> [Work order]:
Every line from the one with "Given: Click the" up to and including the one with "Image resolution: width=924" is to be output exactly as it appears below; pictures are not.

> [Exercise data]:
- Opening Delimiter -

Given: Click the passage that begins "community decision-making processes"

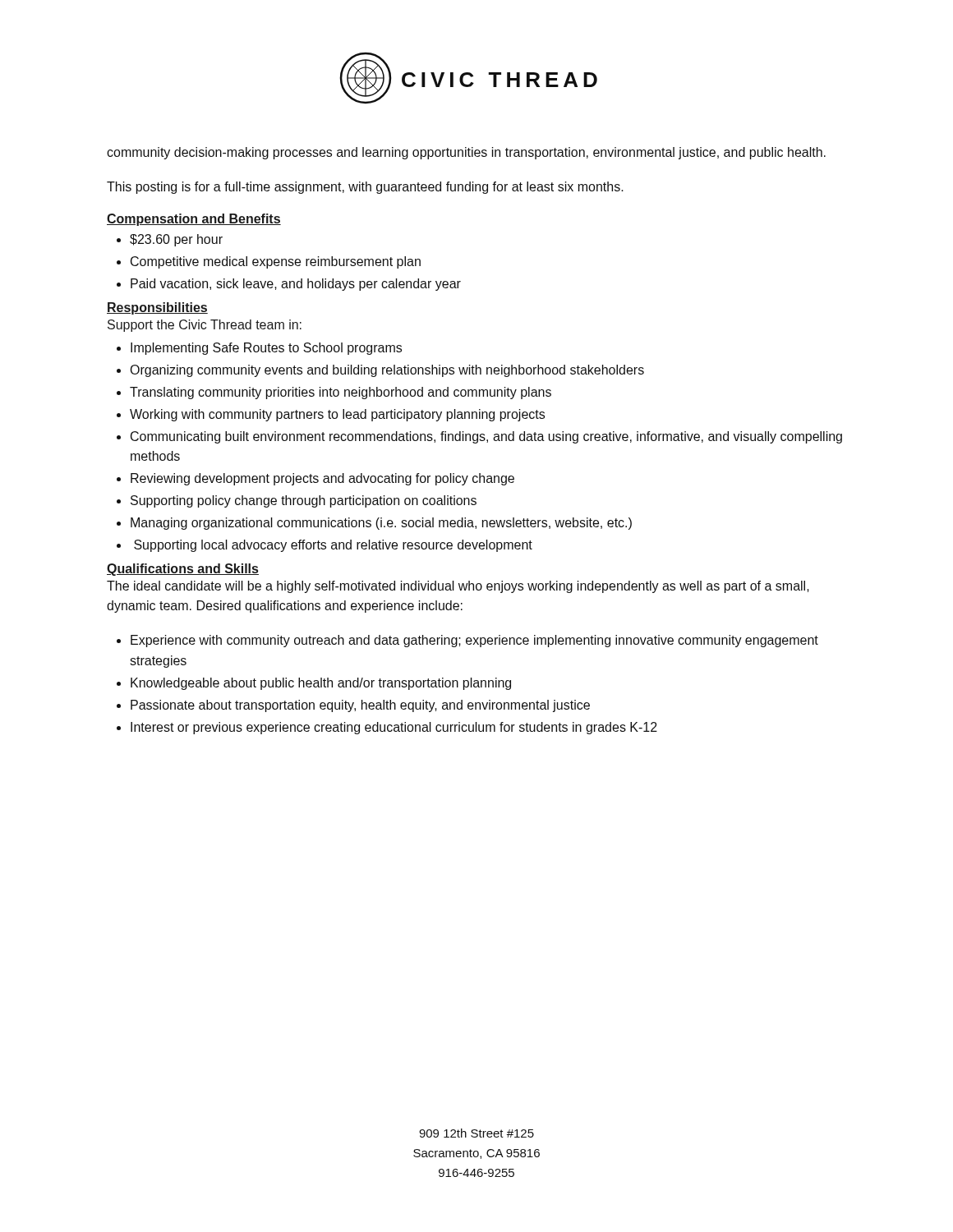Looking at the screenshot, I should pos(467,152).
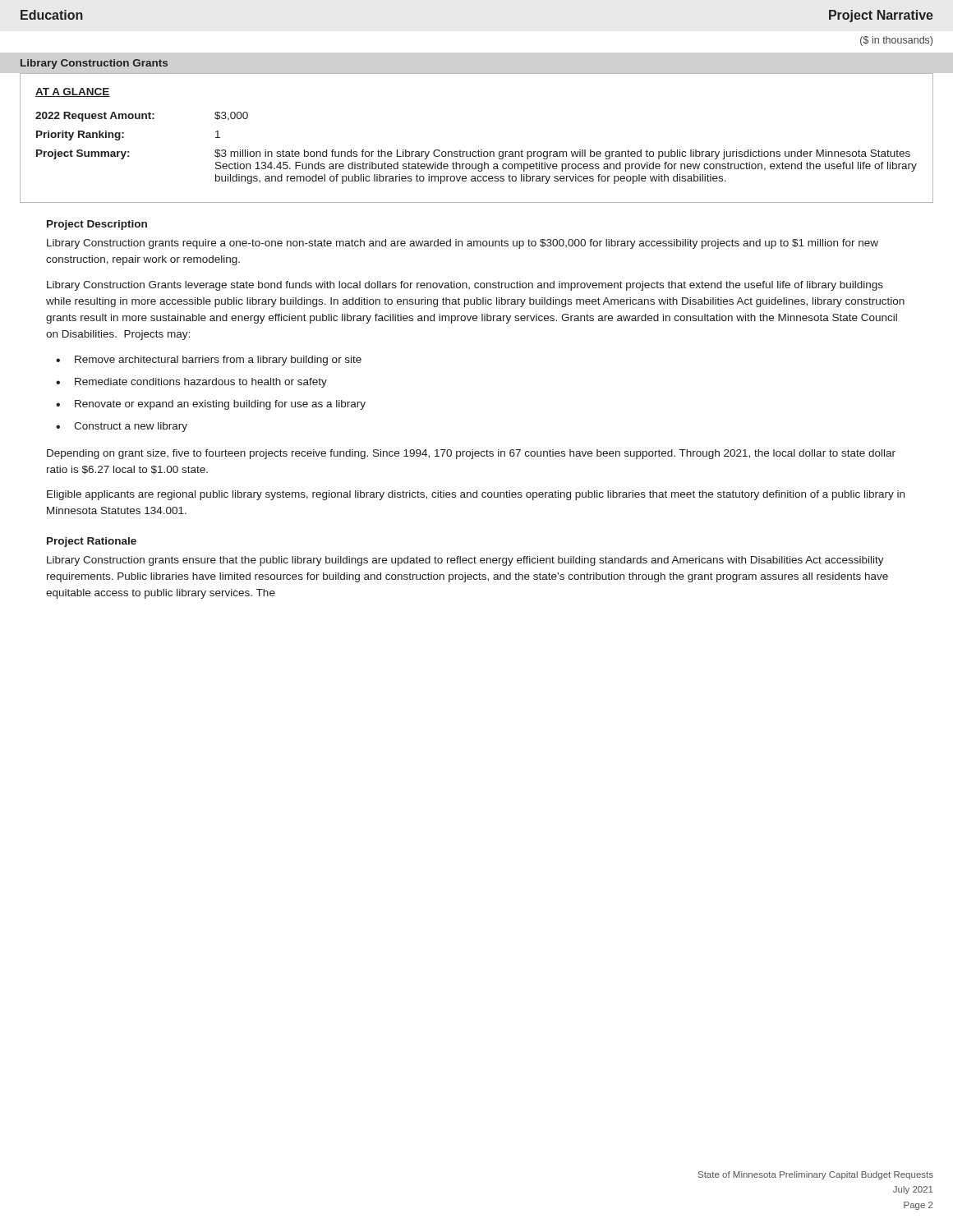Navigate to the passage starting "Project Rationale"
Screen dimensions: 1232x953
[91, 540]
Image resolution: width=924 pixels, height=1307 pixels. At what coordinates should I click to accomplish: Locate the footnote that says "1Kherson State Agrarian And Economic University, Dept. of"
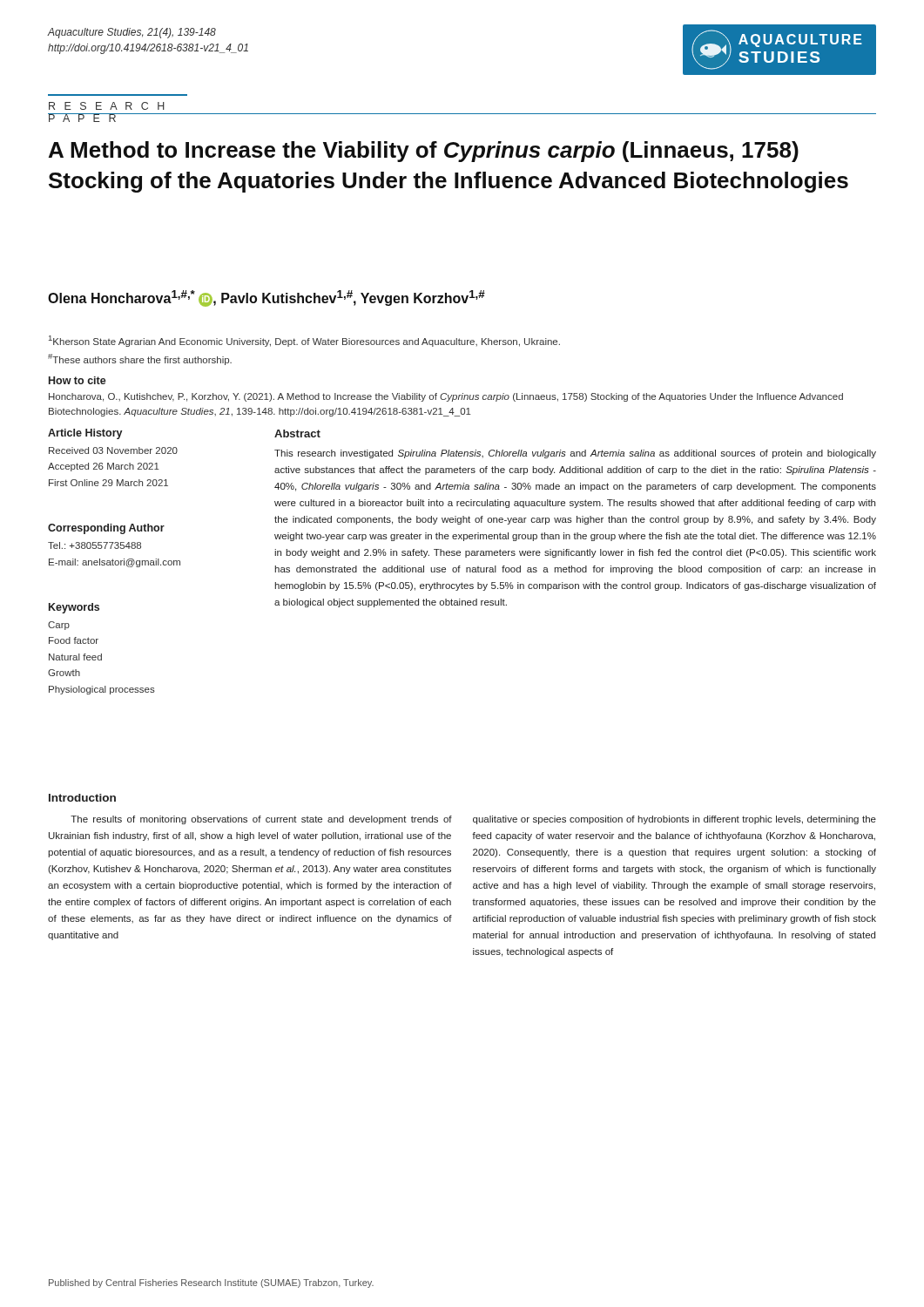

- Closing Delimiter -
- Opening Delimiter -

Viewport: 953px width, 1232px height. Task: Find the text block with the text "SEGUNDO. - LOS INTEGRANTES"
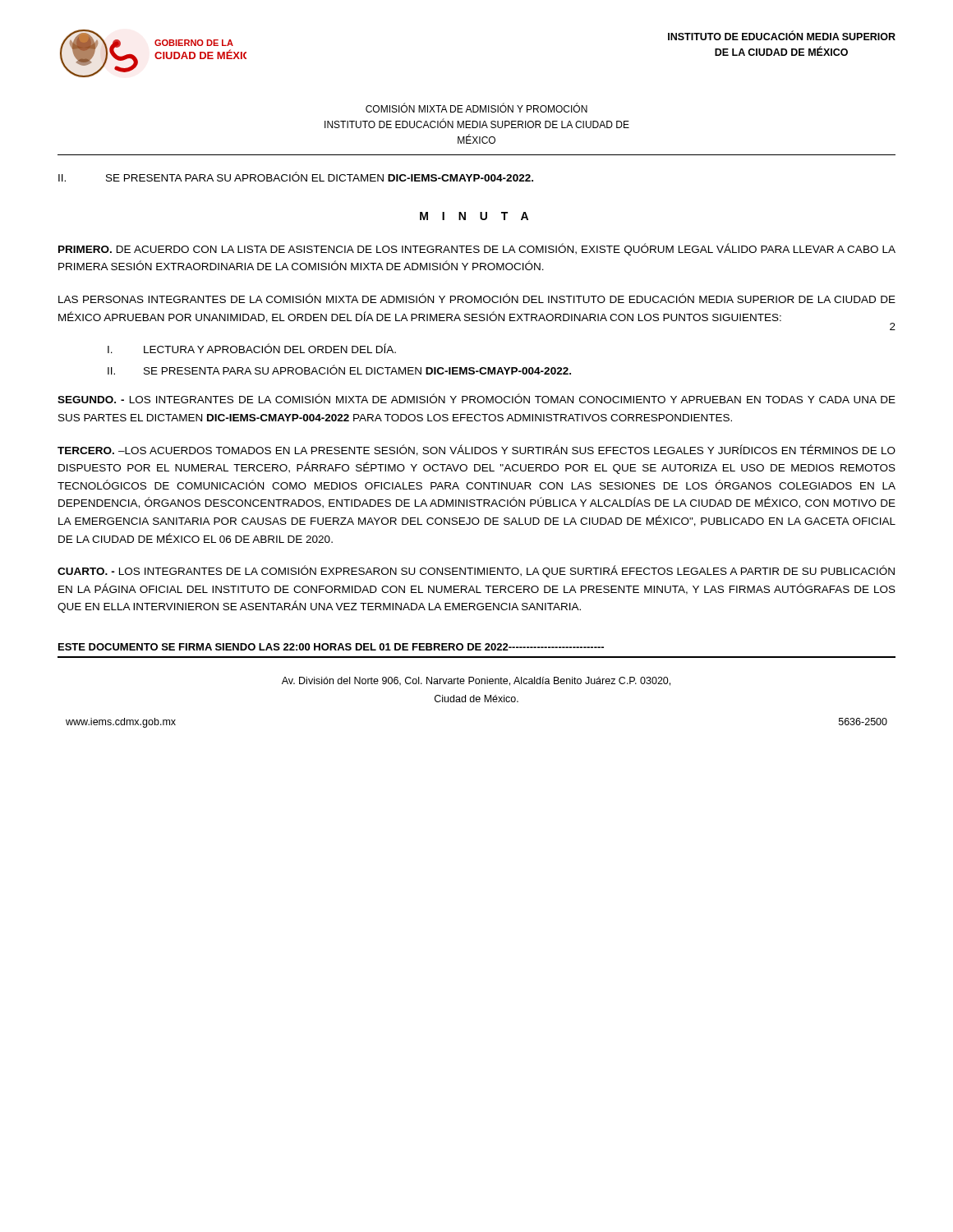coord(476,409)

- Closing Delimiter -

> [Task result]:
Given: Click the passage that begins "community decision-making processes"

Looking at the screenshot, I should pos(467,152).
Navigate to the passage starting "Project Rationale"
Screen dimensions: 1232x953
[91, 540]
Image resolution: width=924 pixels, height=1307 pixels. At what coordinates should I click to accomplish: Locate the footnote that says "1Kherson State Agrarian And Economic University, Dept. of"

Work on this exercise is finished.